**YOUR GOAL:**
Repeat each record below exactly as given.

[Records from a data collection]
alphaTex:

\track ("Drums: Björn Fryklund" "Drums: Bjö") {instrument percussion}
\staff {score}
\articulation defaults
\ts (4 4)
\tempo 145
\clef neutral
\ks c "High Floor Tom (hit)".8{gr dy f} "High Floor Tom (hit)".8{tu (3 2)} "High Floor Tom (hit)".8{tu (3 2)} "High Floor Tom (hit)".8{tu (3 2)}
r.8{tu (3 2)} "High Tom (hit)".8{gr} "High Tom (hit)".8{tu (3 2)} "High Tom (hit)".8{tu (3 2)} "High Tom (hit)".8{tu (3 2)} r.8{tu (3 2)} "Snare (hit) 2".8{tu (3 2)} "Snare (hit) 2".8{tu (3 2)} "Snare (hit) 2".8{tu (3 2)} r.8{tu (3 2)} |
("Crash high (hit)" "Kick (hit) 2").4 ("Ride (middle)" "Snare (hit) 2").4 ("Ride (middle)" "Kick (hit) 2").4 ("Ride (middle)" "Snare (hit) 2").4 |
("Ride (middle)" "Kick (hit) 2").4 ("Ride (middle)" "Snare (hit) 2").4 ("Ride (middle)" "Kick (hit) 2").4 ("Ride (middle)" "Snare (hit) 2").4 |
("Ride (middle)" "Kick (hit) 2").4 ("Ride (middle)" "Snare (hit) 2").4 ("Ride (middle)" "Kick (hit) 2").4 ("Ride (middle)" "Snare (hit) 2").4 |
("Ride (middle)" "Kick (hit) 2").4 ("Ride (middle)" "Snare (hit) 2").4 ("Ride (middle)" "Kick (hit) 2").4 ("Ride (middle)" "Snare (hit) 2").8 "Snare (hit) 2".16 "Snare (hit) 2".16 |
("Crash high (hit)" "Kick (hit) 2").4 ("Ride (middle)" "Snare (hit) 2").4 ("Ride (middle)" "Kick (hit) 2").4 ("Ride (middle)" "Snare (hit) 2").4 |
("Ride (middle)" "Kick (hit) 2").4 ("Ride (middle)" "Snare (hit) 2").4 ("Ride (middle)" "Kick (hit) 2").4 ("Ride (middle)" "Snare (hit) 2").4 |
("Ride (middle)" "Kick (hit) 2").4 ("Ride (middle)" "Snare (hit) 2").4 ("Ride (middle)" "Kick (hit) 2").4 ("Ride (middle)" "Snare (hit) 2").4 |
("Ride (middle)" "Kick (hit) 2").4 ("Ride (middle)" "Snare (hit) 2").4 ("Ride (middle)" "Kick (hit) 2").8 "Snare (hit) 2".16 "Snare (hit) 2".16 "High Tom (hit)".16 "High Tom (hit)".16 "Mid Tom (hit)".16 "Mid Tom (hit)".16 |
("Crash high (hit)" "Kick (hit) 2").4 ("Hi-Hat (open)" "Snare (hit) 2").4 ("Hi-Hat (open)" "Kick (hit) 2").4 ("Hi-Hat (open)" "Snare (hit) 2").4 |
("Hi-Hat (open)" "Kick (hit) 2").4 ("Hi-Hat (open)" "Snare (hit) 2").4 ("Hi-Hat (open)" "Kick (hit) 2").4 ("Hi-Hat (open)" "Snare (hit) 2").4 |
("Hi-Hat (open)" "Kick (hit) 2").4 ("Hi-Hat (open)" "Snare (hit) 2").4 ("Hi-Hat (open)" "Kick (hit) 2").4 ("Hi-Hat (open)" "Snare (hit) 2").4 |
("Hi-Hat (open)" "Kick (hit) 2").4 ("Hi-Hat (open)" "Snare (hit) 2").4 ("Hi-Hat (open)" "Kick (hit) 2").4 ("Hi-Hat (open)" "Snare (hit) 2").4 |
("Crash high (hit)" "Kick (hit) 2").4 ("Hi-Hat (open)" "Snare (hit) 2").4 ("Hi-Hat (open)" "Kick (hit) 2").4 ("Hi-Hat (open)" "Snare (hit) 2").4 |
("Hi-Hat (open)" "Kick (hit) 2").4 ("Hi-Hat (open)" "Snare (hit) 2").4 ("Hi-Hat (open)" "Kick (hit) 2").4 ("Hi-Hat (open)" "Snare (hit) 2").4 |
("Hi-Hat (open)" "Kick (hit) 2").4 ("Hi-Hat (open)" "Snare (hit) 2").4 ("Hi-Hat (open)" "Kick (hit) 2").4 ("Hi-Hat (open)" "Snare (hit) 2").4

**SOLUTION BELOW:**
alphaTex:

\track ("Drums: Björn Fryklund" "Drums: Bjö") {instrument percussion}
\staff {score}
\articulation defaults
\ts (4 4)
\tempo 145
\clef neutral
\ks c "High Floor Tom (hit)".8{gr dy f} "High Floor Tom (hit)".8{tu (3 2)} "High Floor Tom (hit)".8{tu (3 2)} "High Floor Tom (hit)".8{tu (3 2)}
r.8{tu (3 2)} "High Tom (hit)".8{gr} "High Tom (hit)".8{tu (3 2)} "High Tom (hit)".8{tu (3 2)} "High Tom (hit)".8{tu (3 2)} r.8{tu (3 2)} "Snare (hit) 2".8{tu (3 2)} "Snare (hit) 2".8{tu (3 2)} "Snare (hit) 2".8{tu (3 2)} r.8{tu (3 2)} |
("Crash high (hit)" "Kick (hit) 2").4 ("Ride (middle)" "Snare (hit) 2").4 ("Ride (middle)" "Kick (hit) 2").4 ("Ride (middle)" "Snare (hit) 2").4 |
("Ride (middle)" "Kick (hit) 2").4 ("Ride (middle)" "Snare (hit) 2").4 ("Ride (middle)" "Kick (hit) 2").4 ("Ride (middle)" "Snare (hit) 2").4 |
("Ride (middle)" "Kick (hit) 2").4 ("Ride (middle)" "Snare (hit) 2").4 ("Ride (middle)" "Kick (hit) 2").4 ("Ride (middle)" "Snare (hit) 2").4 |
("Ride (middle)" "Kick (hit) 2").4 ("Ride (middle)" "Snare (hit) 2").4 ("Ride (middle)" "Kick (hit) 2").4 ("Ride (middle)" "Snare (hit) 2").8 "Snare (hit) 2".16 "Snare (hit) 2".16 |
("Crash high (hit)" "Kick (hit) 2").4 ("Ride (middle)" "Snare (hit) 2").4 ("Ride (middle)" "Kick (hit) 2").4 ("Ride (middle)" "Snare (hit) 2").4 |
("Ride (middle)" "Kick (hit) 2").4 ("Ride (middle)" "Snare (hit) 2").4 ("Ride (middle)" "Kick (hit) 2").4 ("Ride (middle)" "Snare (hit) 2").4 |
("Ride (middle)" "Kick (hit) 2").4 ("Ride (middle)" "Snare (hit) 2").4 ("Ride (middle)" "Kick (hit) 2").4 ("Ride (middle)" "Snare (hit) 2").4 |
("Ride (middle)" "Kick (hit) 2").4 ("Ride (middle)" "Snare (hit) 2").4 ("Ride (middle)" "Kick (hit) 2").8 "Snare (hit) 2".16 "Snare (hit) 2".16 "High Tom (hit)".16 "High Tom (hit)".16 "Mid Tom (hit)".16 "Mid Tom (hit)".16 |
("Crash high (hit)" "Kick (hit) 2").4 ("Hi-Hat (open)" "Snare (hit) 2").4 ("Hi-Hat (open)" "Kick (hit) 2").4 ("Hi-Hat (open)" "Snare (hit) 2").4 |
("Hi-Hat (open)" "Kick (hit) 2").4 ("Hi-Hat (open)" "Snare (hit) 2").4 ("Hi-Hat (open)" "Kick (hit) 2").4 ("Hi-Hat (open)" "Snare (hit) 2").4 |
("Hi-Hat (open)" "Kick (hit) 2").4 ("Hi-Hat (open)" "Snare (hit) 2").4 ("Hi-Hat (open)" "Kick (hit) 2").4 ("Hi-Hat (open)" "Snare (hit) 2").4 |
("Hi-Hat (open)" "Kick (hit) 2").4 ("Hi-Hat (open)" "Snare (hit) 2").4 ("Hi-Hat (open)" "Kick (hit) 2").4 ("Hi-Hat (open)" "Snare (hit) 2").4 |
("Crash high (hit)" "Kick (hit) 2").4 ("Hi-Hat (open)" "Snare (hit) 2").4 ("Hi-Hat (open)" "Kick (hit) 2").4 ("Hi-Hat (open)" "Snare (hit) 2").4 |
("Hi-Hat (open)" "Kick (hit) 2").4 ("Hi-Hat (open)" "Snare (hit) 2").4 ("Hi-Hat (open)" "Kick (hit) 2").4 ("Hi-Hat (open)" "Snare (hit) 2").4 |
("Hi-Hat (open)" "Kick (hit) 2").4 ("Hi-Hat (open)" "Snare (hit) 2").4 ("Hi-Hat (open)" "Kick (hit) 2").4 ("Hi-Hat (open)" "Snare (hit) 2").4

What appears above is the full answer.